Disclaimer: this is an automatically generated machine transcription - there may be small errors or mistranscriptions. Please refer to the original audio if you are in any doubt.

[0:00] We've been in a series called Into the Wilderness. We've been exploring the life of Jesus and a couple different stories from his life when he goes into the desert and is tested by the devil and then when he goes up on a mountain with some of his disciples and is transfigured before them.

[0:20] So we want to continue exploring those themes on Palm Sunday and as Jesus makes his way to another mountaintop, another form of wilderness, and that, of course, is the crucifixion.

[0:34] So just a couple pieces of review for us all. Wastelands and mountaintops are both forms of wilderness, and God often shows up in both.

[0:47] Wastelands and mountaintops are both forms of wilderness, and God often shows up in both.
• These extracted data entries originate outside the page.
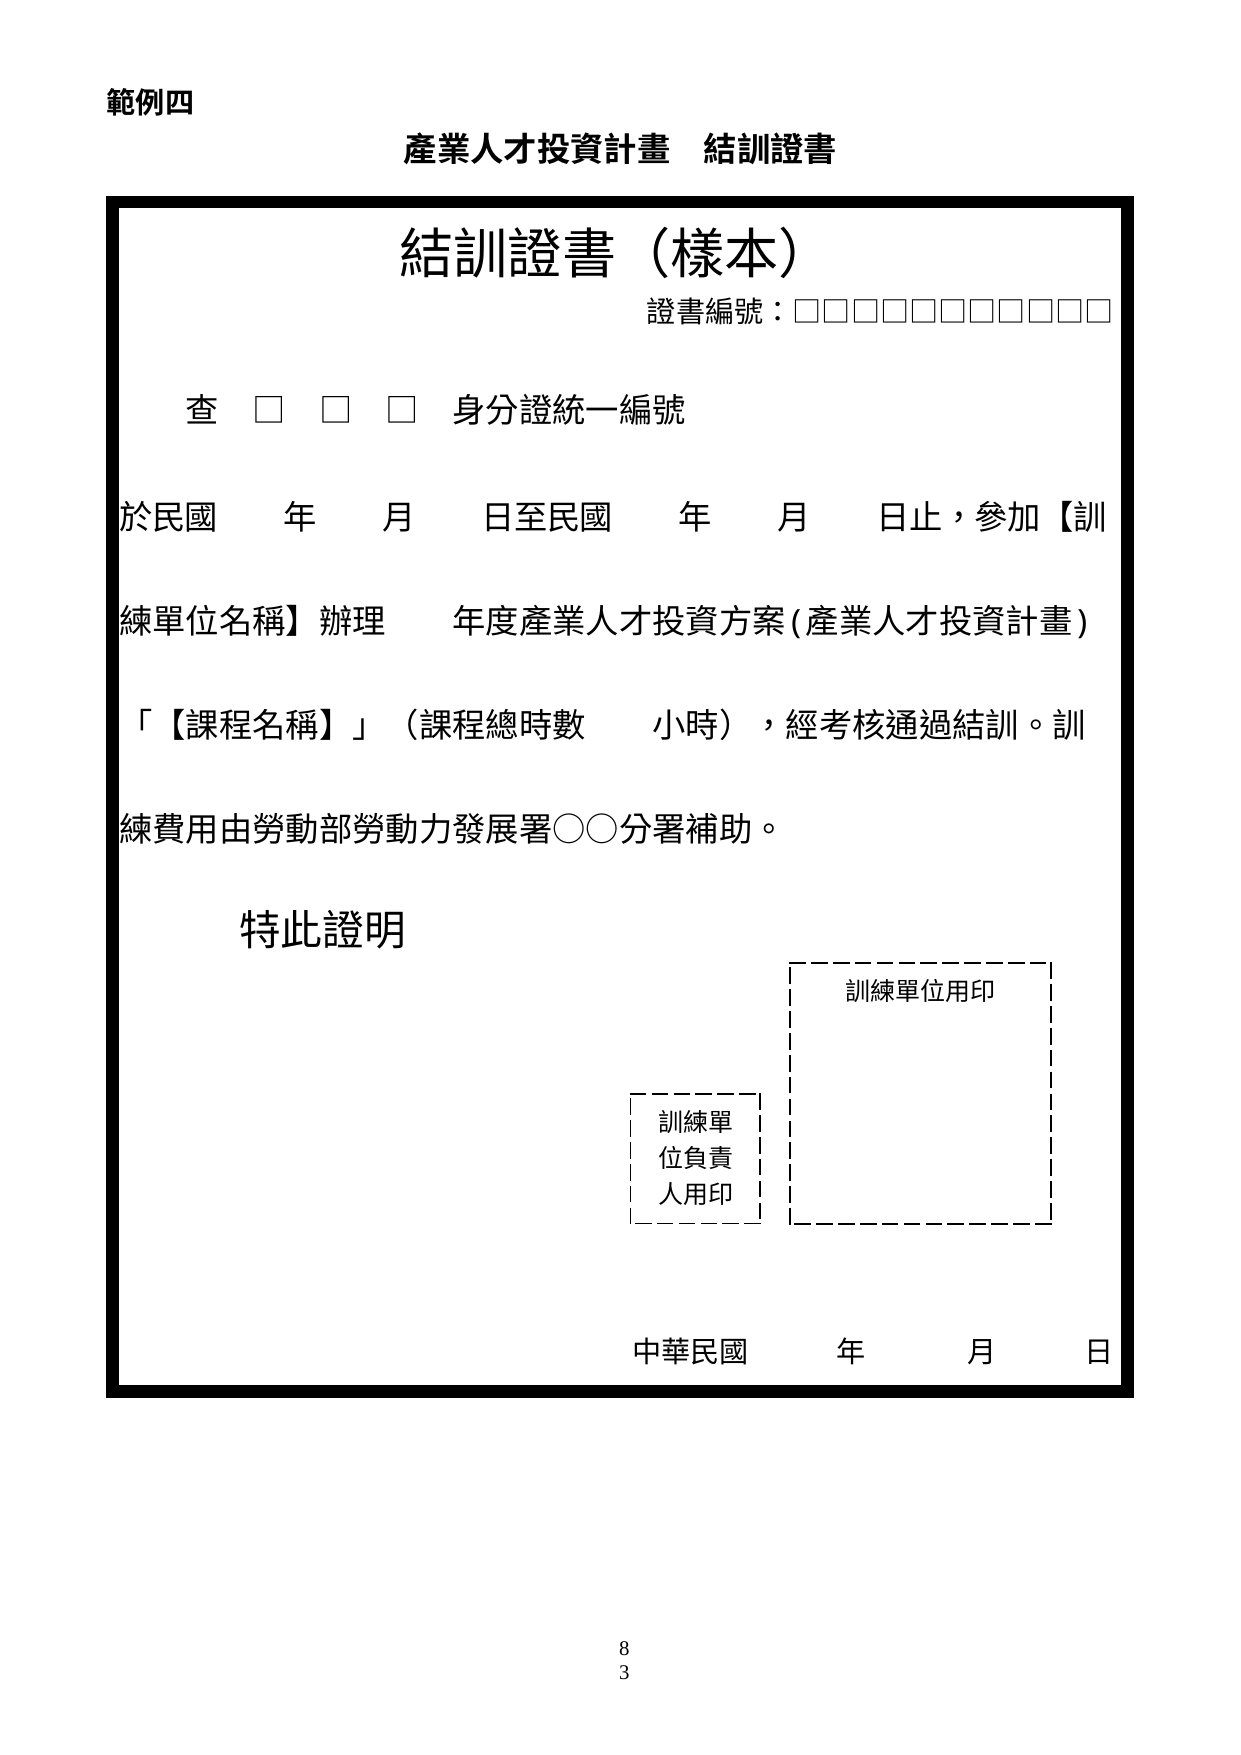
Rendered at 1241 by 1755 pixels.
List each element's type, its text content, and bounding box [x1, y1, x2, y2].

text 範例四 [106, 75, 1134, 123]
text 特此證明 [119, 848, 1121, 1225]
text 查 □ □ □ 身分證統一編號 [119, 317, 1121, 431]
text 產業人才投資計畫 結訓證書 [106, 123, 1134, 171]
text 訓練單位用印 [806, 971, 1035, 1007]
text 中華民國 年 月 日 [119, 1264, 1121, 1385]
text 結訓證書（樣本） [119, 208, 1121, 274]
text 證書編號：□□□□□□□□□□□ [119, 274, 1121, 317]
text 於民國 年 月 日至民國 年 月 日止，參加【訓練單位名稱】辦理 年度產業人才投資方案(產業人才投資計畫)「【課程名稱】」（課程總時數 小時），經考核通過結訓。訓練費用由勞動部勞動力發展署○○分署補助。 [119, 431, 1121, 848]
text 訓練單位負責人用印 [646, 1102, 744, 1211]
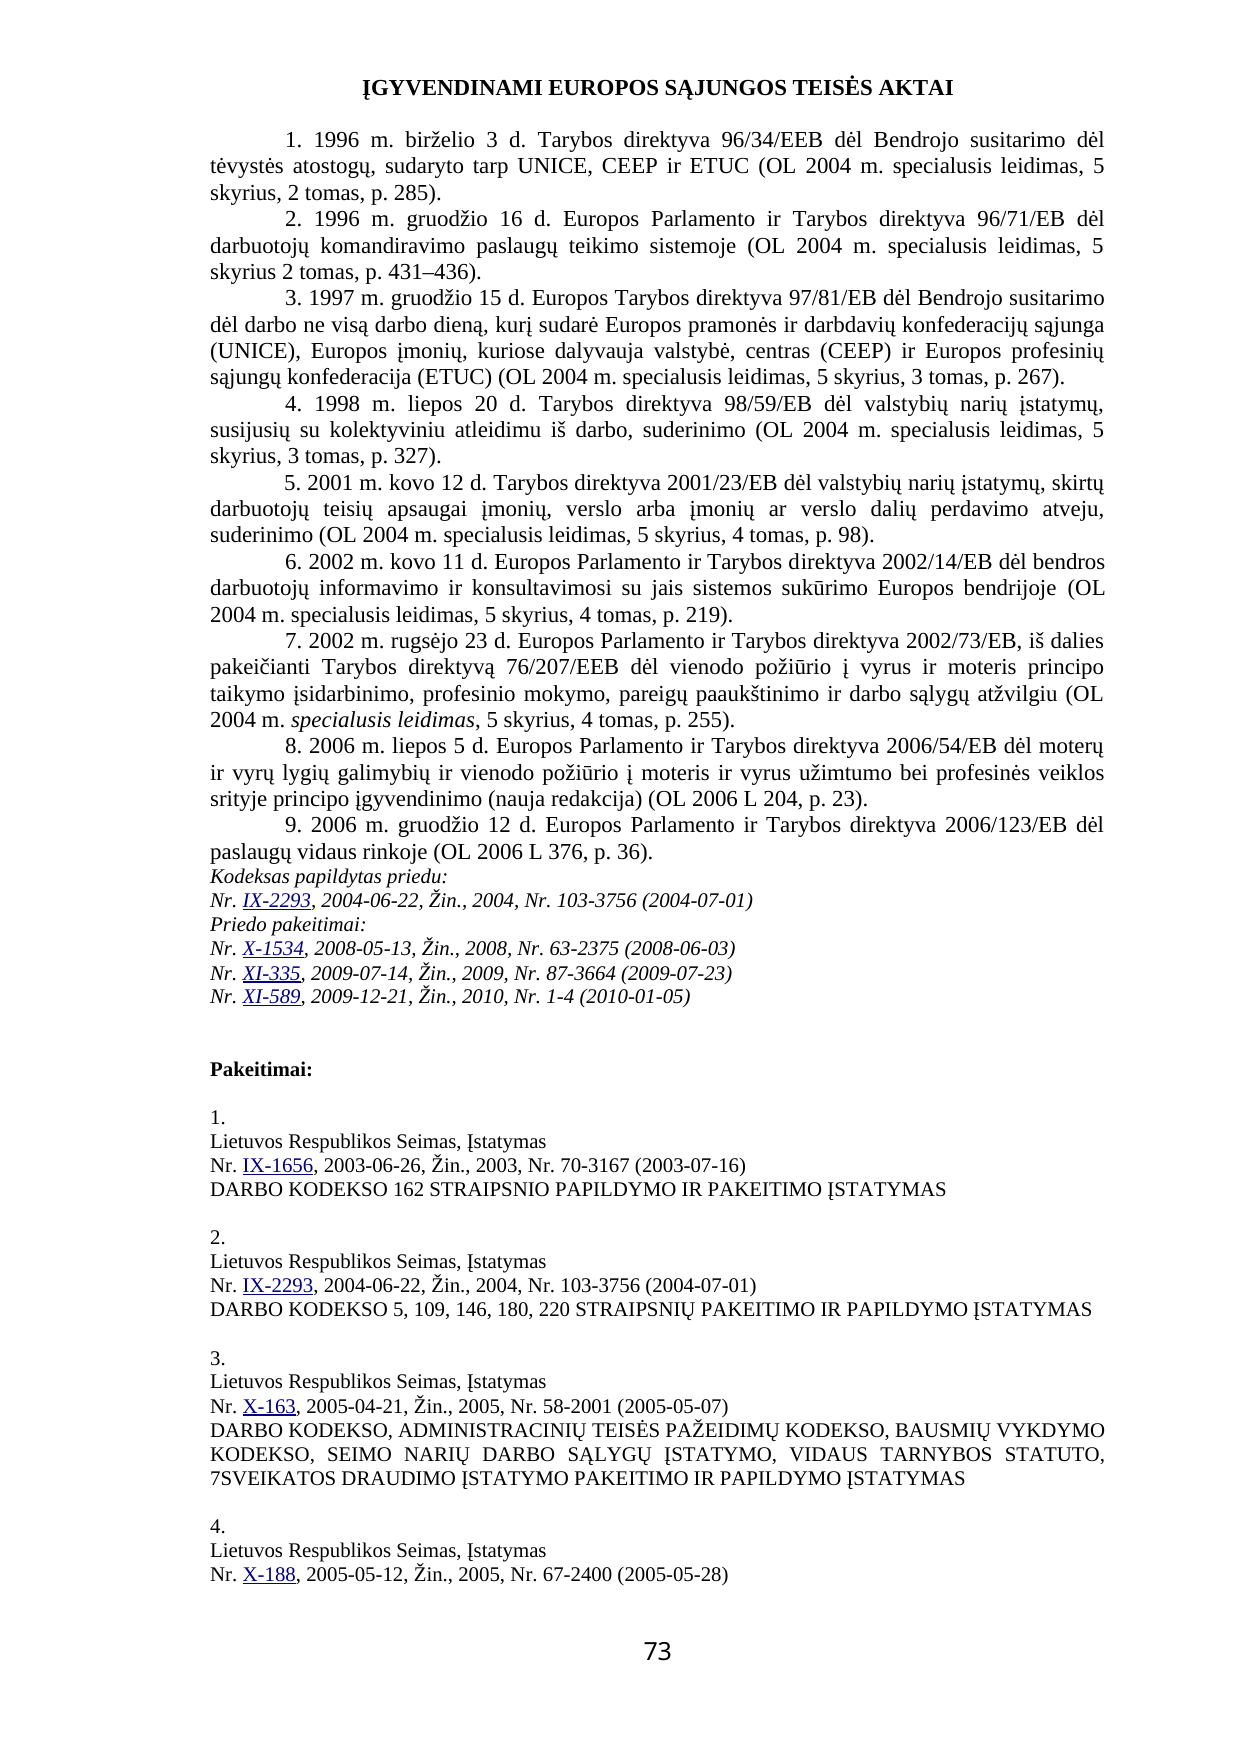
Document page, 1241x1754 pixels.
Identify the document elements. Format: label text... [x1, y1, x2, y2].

text 6. 2002 m. kovo 11 d. Europos Parlamento ir Tarybos direktyva 2002/14/EB dėl bendros darbuotojų informavimo ir konsultavimosi su jais sistemos sukūrimo Europos bendrijoje (OL 2004 m. specialusis leidimas, 5 skyrius, 4 tomas, p. 219). [210, 548, 1106, 627]
text Pakeitimai: [210, 1057, 1106, 1081]
text Lietuvos Respublikos Seimas, Įstatymas [210, 1369, 1106, 1393]
text Nr. IX-2293, 2004-06-22, Žin., 2004, Nr. 103-3756 (2004-07-01) [210, 888, 1106, 912]
text DARBO KODEKSO 5, 109, 146, 180, 220 STRAIPSNIŲ PAKEITIMO IR PAPILDYMO ĮSTATYMAS [210, 1297, 1106, 1321]
text Lietuvos Respublikos Seimas, Įstatymas [210, 1129, 1106, 1153]
text 2. 1996 m. gruodžio 16 d. Europos Parlamento ir Tarybos direktyva 96/71/EB dėl darbuotojų komandiravimo paslaugų teikimo sistemoje (OL 2004 m. specialusis leidimas, 5 skyrius 2 tomas, p. 431–436). [210, 205, 1106, 284]
text 3. 1997 m. gruodžio 15 d. Europos Tarybos direktyva 97/81/EB dėl Bendrojo susitarimo dėl darbo ne visą darbo dieną, kurį sudarė Europos pramonės ir darbdavių konfederacijų sąjunga (UNICE), Europos įmonių, kuriose dalyvauja valstybė, centras (CEEP) ir Europos profesinių sąjungų konfederacija (ETUC) (OL 2004 m. specialusis leidimas, 5 skyrius, 3 tomas, p. 267). [210, 284, 1106, 390]
text 2. [210, 1225, 1106, 1249]
text Nr. X-188, 2005-05-12, Žin., 2005, Nr. 67-2400 (2005-05-28) [210, 1562, 1106, 1586]
text 1. [210, 1105, 1106, 1129]
text 1. 1996 m. birželio 3 d. Tarybos direktyva 96/34/EEB dėl Bendrojo susitarimo dėl tėvystės atostogų, sudaryto tarp UNICE, CEEP ir ETUC (OL 2004 m. specialusis leidimas, 5 skyrius, 2 tomas, p. 285). [210, 126, 1106, 205]
text Nr. IX-2293, 2004-06-22, Žin., 2004, Nr. 103-3756 (2004-07-01) [210, 1273, 1106, 1297]
text Nr. IX-1656, 2003-06-26, Žin., 2003, Nr. 70-3167 (2003-07-16) [210, 1153, 1106, 1177]
text 8. 2006 m. liepos 5 d. Europos Parlamento ir Tarybos direktyva 2006/54/EB dėl moterų ir vyrų lygių galimybių ir vienodo požiūrio į moteris ir vyrus užimtumo bei profesinės veiklos srityje principo įgyvendinimo (nauja redakcija) (OL 2006 L 204, p. 23). [210, 732, 1106, 811]
text 3. [210, 1345, 1106, 1369]
text 5. 2001 m. kovo 12 d. Tarybos direktyva 2001/23/EB dėl valstybių narių įstatymų, skirtų darbuotojų teisių apsaugai įmonių, verslo arba įmonių ar verslo dalių perdavimo atveju, suderinimo (OL 2004 m. specialusis leidimas, 5 skyrius, 4 tomas, p. 98). [210, 469, 1106, 548]
text 9. 2006 m. gruodžio 12 d. Europos Parlamento ir Tarybos direktyva 2006/123/EB dėl paslaugų vidaus rinkoje (OL 2006 L 376, p. 36). [210, 811, 1106, 864]
text Nr. X-163, 2005-04-21, Žin., 2005, Nr. 58-2001 (2005-05-07) [210, 1393, 1106, 1418]
text Lietuvos Respublikos Seimas, Įstatymas [210, 1538, 1106, 1562]
text Priedo pakeitimai: [210, 912, 1106, 936]
text Nr. XI-335, 2009-07-14, Žin., 2009, Nr. 87-3664 (2009-07-23) [210, 960, 1106, 984]
text DARBO KODEKSO 162 STRAIPSNIO PAPILDYMO IR PAKEITIMO ĮSTATYMAS [210, 1177, 1106, 1201]
text Nr. XI-589, 2009-12-21, Žin., 2010, Nr. 1-4 (2010-01-05) [210, 984, 1106, 1008]
text Nr. X-1534, 2008-05-13, Žin., 2008, Nr. 63-2375 (2008-06-03) [210, 936, 1106, 960]
text 4. 1998 m. liepos 20 d. Tarybos direktyva 98/59/EB dėl valstybių narių įstatymų, susijusių su kolektyviniu atleidimu iš darbo, suderinimo (OL 2004 m. specialusis leidimas, 5 skyrius, 3 tomas, p. 327). [210, 390, 1106, 469]
text DARBO KODEKSO, ADMINISTRACINIŲ TEISĖS PAŽEIDIMŲ KODEKSO, BAUSMIŲ VYKDYMO KODEKSO, SEIMO NARIŲ DARBO SĄLYGŲ ĮSTATYMO, VIDAUS TARNYBOS STATUTO, 7SVEIKATOS DRAUDIMO ĮSTATYMO PAKEITIMO IR PAPILDYMO ĮSTATYMAS [210, 1418, 1106, 1490]
text 4. [210, 1514, 1106, 1538]
subtitle ĮGYVENDINAMI EUROPOS SĄJUNGOS TEISĖS AKTAI [210, 73, 1106, 100]
text 7. 2002 m. rugsėjo 23 d. Europos Parlamento ir Tarybos direktyva 2002/73/EB, iš dalies pakeičianti Tarybos direktyvą 76/207/EEB dėl vienodo požiūrio į vyrus ir moteris principo taikymo įsidarbinimo, profesinio mokymo, pareigų paaukštinimo ir darbo sąlygų atžvilgiu (OL 2004 m. specialusis leidimas, 5 skyrius, 4 tomas, p. 255). [210, 627, 1106, 732]
text Lietuvos Respublikos Seimas, Įstatymas [210, 1249, 1106, 1273]
text Kodeksas papildytas priedu: [210, 864, 1106, 888]

On the wasteland, the desert places, the places where life is hard and rough and tumble, God is there, and it's obviously wilderness.

[1:01] But the part that may not come as naturally to us is the mountaintop is often a form of wilderness as well. If you've ever gone mountain climbing, you know that there's a point where the trees stop growing because they can't get oxygen.

[1:12] And we look at mountaintops of these things where you can experience God in this great, huge, massive, extreme way, and that's true, but I think that's also a form of wilderness because we come off of the mountain and we're not sure what to do with those experiences.

[1:27] God shows up in both places, though, so it's a place for us to pay attention. What is God doing? What is God up to? We looked at the transfiguration, and we saw that, yes, Jesus begins to shine.

[1:38] His clothes are shining white. It's this big aha moment for the disciples. But it's not about revealing Jesus's divinity. Rather, it's about revealing Jesus's humanity.

[1:49] What God's intention is for every human that God has ever created, no matter if you are white or black, if you are gay or straight or trans, no matter who you are, what you've done, where you've come from, in God's mind, you are a glorious thing.

[2:03] And so when Jesus is transfigured up on the mountaintop, it's not revealing his divinity. That comes later. That comes in a surprising way that we're going to talk about today. The transfiguration reveals God's intention for every human because it says in the book of Daniel, it says in the book of Matthew, that we are the light of the world, and Jesus is showing that in the transfiguration.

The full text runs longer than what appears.